Given that GPT-5 reportedly cost $100 million to train, being able to create one, even a terrible one, for $100, shows how the field keeps marching on.

ebbi•3mo ago
Thank you! So if I were to, say, build my own SaaS product that I wanted AI capabilities in, I could theoretically use NanoLLM to train data on my domain-specific stuff to have a domain-specific trained LLM to use in my product without having recurring fees from an API provider like OpenAI?
fragmede•3mo ago
Technically yes, but NanoLLM is stripped down and targeted more words educating AI researchers so I wouldn't recommend you use it for that (because it's output isnterrible compared to ChatGPT) (intentionally, it's a teaching tool). Nothing stopping you, but for that goal, I'd recommend starting with one of the downlodable permissibly license models like a newer Qwen3 and fine tune it.
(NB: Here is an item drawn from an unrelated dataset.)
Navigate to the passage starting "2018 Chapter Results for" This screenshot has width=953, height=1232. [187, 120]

Google Collab has notebooks specifically for that.

Once you have your fine tuned model, then you wouldn't be paying OpenAI to use it, but it would need to be run somewhere, and those somewheres range in quality and price. Models come in various shapes and sizes and the bigger the model, the beefier (and more expensive to rent) a computer you need to operate this SaaS business.

ebbi•3mo ago
Thanks for this - learned a lot. I'll look into those.
simonw•3mo ago
Training (or fine-tuning) a custom model to answer domain-specific questions is almost never the right solution. It's complicated, expensive, time-consuming and the results are rarely any good. I have yet to see a demo of someone doing this that I find convincing, at least for adding new knowledge to a model.
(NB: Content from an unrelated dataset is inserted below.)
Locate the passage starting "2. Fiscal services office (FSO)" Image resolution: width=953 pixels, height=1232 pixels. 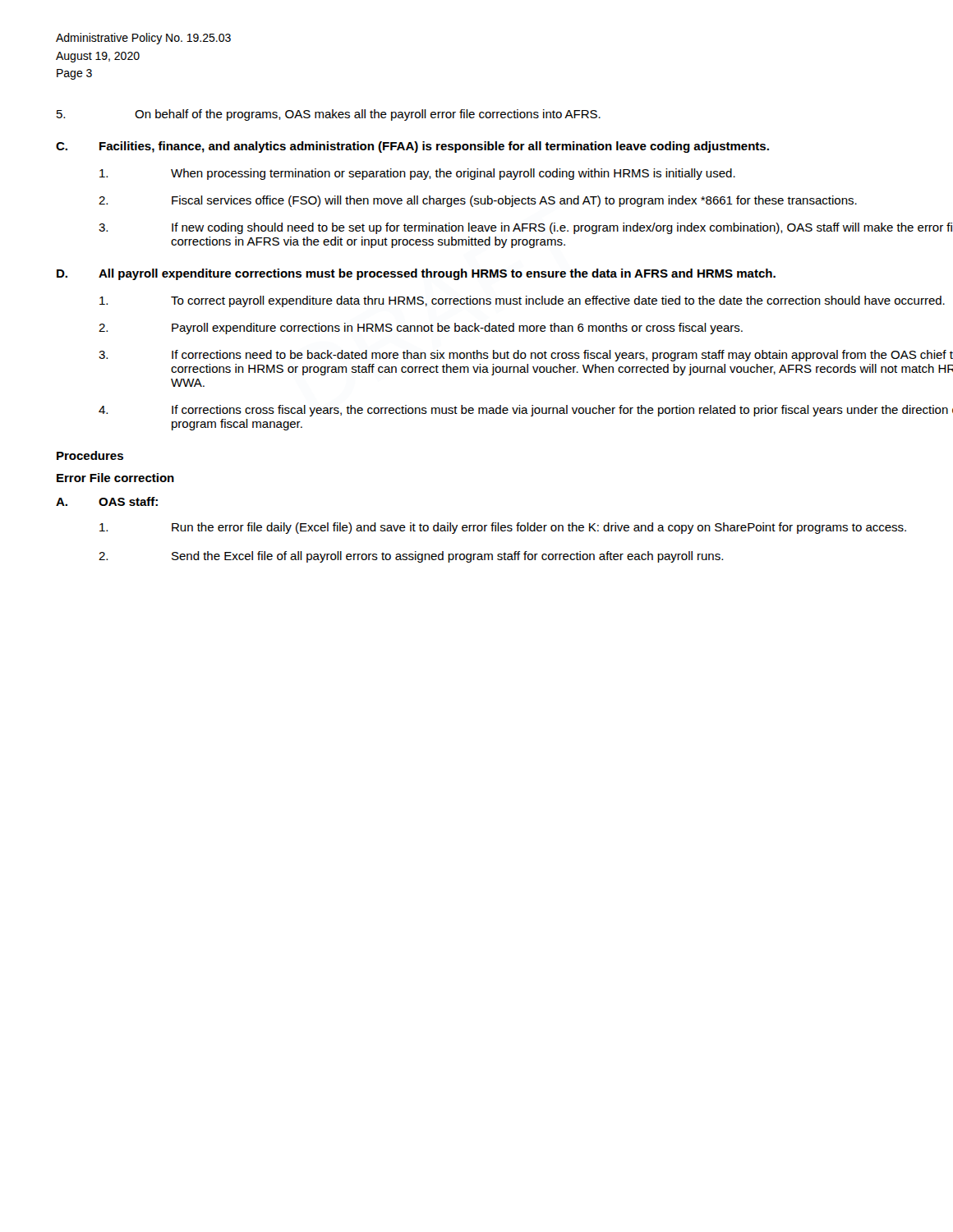click(526, 200)

If you want to teach an LLM to answer questions about private documents you should look into RAG or agentic search - techniques where the LLM can take a user's question and then look for additional information by searching some documents before answering.

The good news is that these tricks work reasonably with small models that you can run on your own hardware - even a 4B or 8B model (a few GBs to download) can often handle these cases.

But... even then, it's still usually cheaper to pay for the APIs from OpenAI and suchlike. Their API costs are so low that it's hard to save money by running your own model somewhere, since you have to pay to keep it in RAM the whole time while OpenAI share that cost between thousands of users.

ebbi•3mo ago
Very helpful - thanks a lot!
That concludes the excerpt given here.